Daher müssen bisherige Maßnahmen im Bereich der Prävention bzw. der Gesundheitsförderung ausgeweitet und auf eine breitere Basis gestellt werden. Prävention kann nicht auf die Vermeidung von Berufskrankheiten und Arbeitsunfällen reduziert werden. Gerade im Hinblick auf die angestrebte Senkung der Zahl der Berufs- und Invaliditätspensionen, hat die Vorbeugung arbeitsbedingter Erkrankungen besondere Relevanz. Im Unterschied zu Berufskrankheiten, die im ASVG genau definiert und aufgelistet sind, werden arbeitsbedingte Erkrankungen durch mehrere zusammenwirkende Faktoren ausgelöst. 

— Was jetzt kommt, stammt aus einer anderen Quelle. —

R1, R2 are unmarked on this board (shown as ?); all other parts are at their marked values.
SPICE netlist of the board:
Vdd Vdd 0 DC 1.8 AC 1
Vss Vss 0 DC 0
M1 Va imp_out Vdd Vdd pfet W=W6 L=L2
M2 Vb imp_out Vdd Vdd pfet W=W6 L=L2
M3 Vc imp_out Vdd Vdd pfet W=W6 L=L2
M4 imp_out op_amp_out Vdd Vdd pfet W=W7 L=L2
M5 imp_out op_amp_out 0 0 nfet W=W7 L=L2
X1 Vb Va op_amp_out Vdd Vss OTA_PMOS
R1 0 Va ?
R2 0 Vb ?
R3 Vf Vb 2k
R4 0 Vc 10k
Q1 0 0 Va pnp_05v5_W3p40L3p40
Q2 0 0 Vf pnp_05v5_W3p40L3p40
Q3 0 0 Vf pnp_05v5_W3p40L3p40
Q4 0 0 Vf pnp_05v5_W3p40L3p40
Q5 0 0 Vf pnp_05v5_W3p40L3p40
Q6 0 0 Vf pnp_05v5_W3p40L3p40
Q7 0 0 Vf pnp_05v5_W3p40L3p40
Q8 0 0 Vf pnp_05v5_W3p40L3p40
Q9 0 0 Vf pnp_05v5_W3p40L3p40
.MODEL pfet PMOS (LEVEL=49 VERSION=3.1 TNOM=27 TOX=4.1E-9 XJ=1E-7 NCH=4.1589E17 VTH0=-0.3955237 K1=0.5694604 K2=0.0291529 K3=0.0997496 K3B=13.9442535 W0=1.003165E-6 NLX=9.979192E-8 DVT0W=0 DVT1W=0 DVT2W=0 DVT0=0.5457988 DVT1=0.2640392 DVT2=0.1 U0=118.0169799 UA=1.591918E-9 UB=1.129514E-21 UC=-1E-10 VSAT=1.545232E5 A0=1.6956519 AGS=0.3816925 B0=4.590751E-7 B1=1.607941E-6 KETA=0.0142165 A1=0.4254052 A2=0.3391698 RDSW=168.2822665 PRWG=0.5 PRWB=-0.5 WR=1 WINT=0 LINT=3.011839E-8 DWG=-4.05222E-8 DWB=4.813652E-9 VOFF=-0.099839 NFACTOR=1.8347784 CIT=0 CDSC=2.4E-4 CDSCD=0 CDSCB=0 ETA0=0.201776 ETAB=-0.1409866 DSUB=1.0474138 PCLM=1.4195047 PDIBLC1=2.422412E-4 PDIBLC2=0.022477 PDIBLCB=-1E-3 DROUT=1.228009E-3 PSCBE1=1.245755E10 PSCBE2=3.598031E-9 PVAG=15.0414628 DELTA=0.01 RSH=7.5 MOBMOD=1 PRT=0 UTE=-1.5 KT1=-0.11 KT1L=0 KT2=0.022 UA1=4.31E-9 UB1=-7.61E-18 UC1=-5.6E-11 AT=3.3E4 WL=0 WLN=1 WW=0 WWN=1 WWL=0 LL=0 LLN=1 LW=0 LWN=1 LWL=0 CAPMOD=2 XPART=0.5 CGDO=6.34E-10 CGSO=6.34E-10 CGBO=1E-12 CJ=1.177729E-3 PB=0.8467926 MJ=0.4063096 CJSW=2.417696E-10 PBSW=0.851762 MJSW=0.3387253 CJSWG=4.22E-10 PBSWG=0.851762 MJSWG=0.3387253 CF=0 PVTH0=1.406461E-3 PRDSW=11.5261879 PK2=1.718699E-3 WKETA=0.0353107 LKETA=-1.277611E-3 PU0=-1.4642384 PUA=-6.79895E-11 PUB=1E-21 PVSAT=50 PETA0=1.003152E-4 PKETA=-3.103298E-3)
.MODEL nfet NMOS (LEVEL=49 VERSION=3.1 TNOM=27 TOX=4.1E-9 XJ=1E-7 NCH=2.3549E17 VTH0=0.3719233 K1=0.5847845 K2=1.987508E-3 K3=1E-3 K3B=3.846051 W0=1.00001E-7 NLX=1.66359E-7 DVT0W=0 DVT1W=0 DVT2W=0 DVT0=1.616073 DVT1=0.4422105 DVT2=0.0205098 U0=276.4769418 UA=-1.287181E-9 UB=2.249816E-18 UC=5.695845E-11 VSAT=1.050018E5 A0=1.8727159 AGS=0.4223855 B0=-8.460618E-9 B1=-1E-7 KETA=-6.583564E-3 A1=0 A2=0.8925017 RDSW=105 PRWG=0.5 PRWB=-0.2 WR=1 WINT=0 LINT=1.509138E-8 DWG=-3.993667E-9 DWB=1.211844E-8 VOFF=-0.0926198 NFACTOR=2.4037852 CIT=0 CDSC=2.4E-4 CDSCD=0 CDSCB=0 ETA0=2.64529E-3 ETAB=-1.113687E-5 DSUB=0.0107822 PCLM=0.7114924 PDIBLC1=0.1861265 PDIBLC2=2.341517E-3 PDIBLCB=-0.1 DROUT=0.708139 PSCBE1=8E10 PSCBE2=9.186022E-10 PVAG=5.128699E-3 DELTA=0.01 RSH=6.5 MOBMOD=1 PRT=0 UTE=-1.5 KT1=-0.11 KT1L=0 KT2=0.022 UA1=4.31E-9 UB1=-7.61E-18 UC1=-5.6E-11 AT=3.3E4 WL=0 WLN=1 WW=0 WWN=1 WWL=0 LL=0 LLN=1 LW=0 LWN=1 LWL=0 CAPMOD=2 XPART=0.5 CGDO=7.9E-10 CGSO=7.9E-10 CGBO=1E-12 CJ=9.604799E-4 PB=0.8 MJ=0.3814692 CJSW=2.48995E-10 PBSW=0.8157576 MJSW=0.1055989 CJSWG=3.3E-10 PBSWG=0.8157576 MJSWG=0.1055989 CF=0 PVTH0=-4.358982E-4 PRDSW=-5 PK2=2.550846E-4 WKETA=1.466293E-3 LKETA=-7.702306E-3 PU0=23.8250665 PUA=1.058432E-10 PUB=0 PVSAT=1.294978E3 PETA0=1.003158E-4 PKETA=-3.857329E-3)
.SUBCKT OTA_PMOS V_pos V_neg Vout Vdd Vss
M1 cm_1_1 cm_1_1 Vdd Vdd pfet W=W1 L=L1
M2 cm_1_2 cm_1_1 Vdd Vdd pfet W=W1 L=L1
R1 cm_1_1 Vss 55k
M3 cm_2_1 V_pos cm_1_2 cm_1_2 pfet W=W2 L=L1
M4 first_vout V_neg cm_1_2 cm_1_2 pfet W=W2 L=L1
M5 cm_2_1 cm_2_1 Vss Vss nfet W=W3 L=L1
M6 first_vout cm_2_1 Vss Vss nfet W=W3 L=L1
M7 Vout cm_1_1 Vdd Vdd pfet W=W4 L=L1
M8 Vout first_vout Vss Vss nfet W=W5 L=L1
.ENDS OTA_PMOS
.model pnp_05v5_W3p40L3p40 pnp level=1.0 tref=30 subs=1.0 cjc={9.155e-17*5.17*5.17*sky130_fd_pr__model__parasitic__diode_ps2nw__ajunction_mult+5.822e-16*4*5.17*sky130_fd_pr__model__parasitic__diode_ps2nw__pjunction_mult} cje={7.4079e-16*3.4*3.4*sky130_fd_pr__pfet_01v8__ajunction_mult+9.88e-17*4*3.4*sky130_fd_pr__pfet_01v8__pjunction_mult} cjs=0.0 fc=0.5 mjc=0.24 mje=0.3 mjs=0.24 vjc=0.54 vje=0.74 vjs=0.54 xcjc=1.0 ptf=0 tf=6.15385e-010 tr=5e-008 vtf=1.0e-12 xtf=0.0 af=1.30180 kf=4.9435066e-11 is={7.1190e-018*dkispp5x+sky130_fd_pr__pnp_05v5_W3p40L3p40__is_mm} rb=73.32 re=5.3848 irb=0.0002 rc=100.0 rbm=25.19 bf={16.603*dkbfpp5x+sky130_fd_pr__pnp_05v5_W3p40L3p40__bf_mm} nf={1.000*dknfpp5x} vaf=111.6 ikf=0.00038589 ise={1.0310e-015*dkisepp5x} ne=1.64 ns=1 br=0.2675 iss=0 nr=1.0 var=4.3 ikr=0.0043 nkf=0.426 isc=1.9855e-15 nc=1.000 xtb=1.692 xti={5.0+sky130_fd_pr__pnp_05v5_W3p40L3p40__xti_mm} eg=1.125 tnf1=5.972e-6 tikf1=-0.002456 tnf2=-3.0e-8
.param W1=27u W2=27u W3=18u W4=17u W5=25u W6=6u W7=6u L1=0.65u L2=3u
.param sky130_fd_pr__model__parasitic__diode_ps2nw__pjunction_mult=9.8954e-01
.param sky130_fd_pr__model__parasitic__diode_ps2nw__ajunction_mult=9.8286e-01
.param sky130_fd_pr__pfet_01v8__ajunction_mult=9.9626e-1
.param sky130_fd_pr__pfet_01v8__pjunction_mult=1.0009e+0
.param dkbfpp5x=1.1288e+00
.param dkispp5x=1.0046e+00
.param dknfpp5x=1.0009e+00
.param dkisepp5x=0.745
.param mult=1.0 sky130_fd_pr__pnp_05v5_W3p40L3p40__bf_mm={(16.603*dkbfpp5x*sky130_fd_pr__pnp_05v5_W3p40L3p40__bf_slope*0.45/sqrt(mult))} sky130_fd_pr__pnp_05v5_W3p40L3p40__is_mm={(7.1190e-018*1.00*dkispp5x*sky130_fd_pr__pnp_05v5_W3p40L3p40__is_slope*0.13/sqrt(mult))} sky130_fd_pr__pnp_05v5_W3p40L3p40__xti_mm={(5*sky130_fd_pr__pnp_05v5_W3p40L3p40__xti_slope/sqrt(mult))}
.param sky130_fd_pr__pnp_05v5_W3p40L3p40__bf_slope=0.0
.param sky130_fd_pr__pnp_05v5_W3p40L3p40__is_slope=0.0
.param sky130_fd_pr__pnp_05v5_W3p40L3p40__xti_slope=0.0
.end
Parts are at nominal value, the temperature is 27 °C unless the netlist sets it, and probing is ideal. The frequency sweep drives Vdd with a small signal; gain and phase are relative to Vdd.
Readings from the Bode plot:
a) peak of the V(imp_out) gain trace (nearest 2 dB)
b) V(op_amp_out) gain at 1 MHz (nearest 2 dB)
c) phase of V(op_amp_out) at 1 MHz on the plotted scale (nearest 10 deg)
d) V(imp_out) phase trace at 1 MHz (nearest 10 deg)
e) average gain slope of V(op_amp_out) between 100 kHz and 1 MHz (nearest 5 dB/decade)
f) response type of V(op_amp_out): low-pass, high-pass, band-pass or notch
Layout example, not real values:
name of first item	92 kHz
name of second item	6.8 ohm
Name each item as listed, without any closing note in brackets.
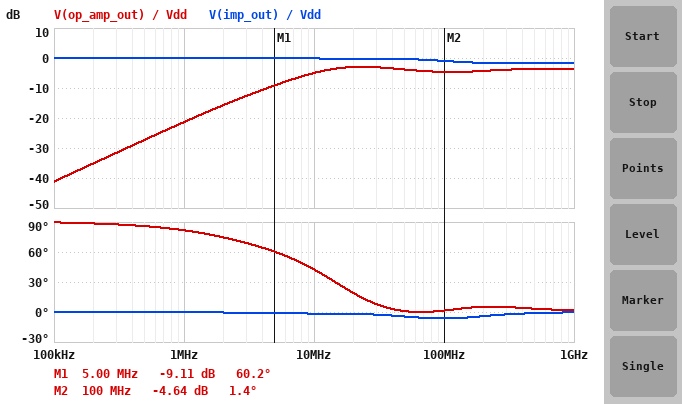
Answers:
peak of the V(imp_out) gain trace	0 dB
V(op_amp_out) gain at 1 MHz	-22 dB
phase of V(op_amp_out) at 1 MHz on the plotted scale	80 deg
V(imp_out) phase trace at 1 MHz	0 deg
average gain slope of V(op_amp_out) between 100 kHz and 1 MHz	20 dB/decade
response type of V(op_amp_out): low-pass, high-pass, band-pass or notch	high-pass
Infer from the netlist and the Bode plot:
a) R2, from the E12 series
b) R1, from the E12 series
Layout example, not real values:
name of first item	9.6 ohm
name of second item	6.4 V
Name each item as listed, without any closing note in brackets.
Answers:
R2, from the E12 series	56 kΩ
R1, from the E12 series	33 kΩ
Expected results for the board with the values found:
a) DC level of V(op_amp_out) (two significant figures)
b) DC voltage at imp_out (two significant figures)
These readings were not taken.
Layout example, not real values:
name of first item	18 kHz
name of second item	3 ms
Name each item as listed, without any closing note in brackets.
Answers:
DC level of V(op_amp_out)	200 mV
DC voltage at imp_out	1.8 V
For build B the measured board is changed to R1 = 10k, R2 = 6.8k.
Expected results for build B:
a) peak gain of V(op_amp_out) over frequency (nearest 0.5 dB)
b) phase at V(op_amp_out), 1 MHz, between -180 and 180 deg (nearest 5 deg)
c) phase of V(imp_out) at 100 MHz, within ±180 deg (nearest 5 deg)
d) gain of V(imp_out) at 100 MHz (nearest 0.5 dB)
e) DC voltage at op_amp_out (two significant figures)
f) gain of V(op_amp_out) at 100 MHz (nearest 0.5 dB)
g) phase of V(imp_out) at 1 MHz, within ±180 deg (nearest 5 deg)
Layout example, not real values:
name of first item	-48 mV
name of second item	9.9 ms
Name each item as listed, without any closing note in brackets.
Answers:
peak gain of V(op_amp_out) over frequency	0 dB
phase at V(op_amp_out), 1 MHz, between -180 and 180 deg	0 deg
phase of V(imp_out) at 100 MHz, within ±180 deg	65 deg
gain of V(imp_out) at 100 MHz	-8.5 dB
DC voltage at op_amp_out	1.8 V
gain of V(op_amp_out) at 100 MHz	-2.5 dB
phase of V(imp_out) at 1 MHz, within ±180 deg	90 deg

Das können z. B. Umgebungseinflüsse wie etwa Lärm oder Staub sein, oder auch unpassende psychische und physische Anforderungen einer Tätigkeit, etwa starker Zeitdruck oder unzureichende Arbeitsmittel. Die in Folge entstehenden Gesundheitsbeeinträchtigungen können oft zu chronischen Erkrankungen führen. Sehr häufig betreffen sie das Herz-Kreislauf-System, den Stütz- und Bewegungsapparat sowie den Verdauungstrakt. Aber auch Störungen des Allgemeinbefindens sind unter dem Aspekt einer arbeitsbedingten Erkrankung zu sehen, da sie als Frühsymptom einer erst später an den Tag tretenden Erkrankung wahrgenommen werden sollten. Indem psychische Erkrankungen zu einer der Hauptursachen für krankheitsbedingte Pensionierungen geworden sind, widerspiegelt sich die Bedeutsamkeit arbeitsbedingter Erkrankungen und gleichzeitig ihr Stellenwert hinsichtlich erforderlicher Präventionsmaßnahmen. Verschiedene internationale Studien sprechen von einem Anteil von 30 bis 50 Prozent, den arbeitsbedingte Erkrankungen am gesamten Krankheitsgeschehen ausmachen. Sie verursachen logischerweise auch entsprechende volkswirtschaftliche und betriebswirtschaftliche Kosten. So werden nach Schätzungen rund 1,6 Prozent des BIP für Kosten infolge arbeitsbedingter Erkrankungen ausgegeben.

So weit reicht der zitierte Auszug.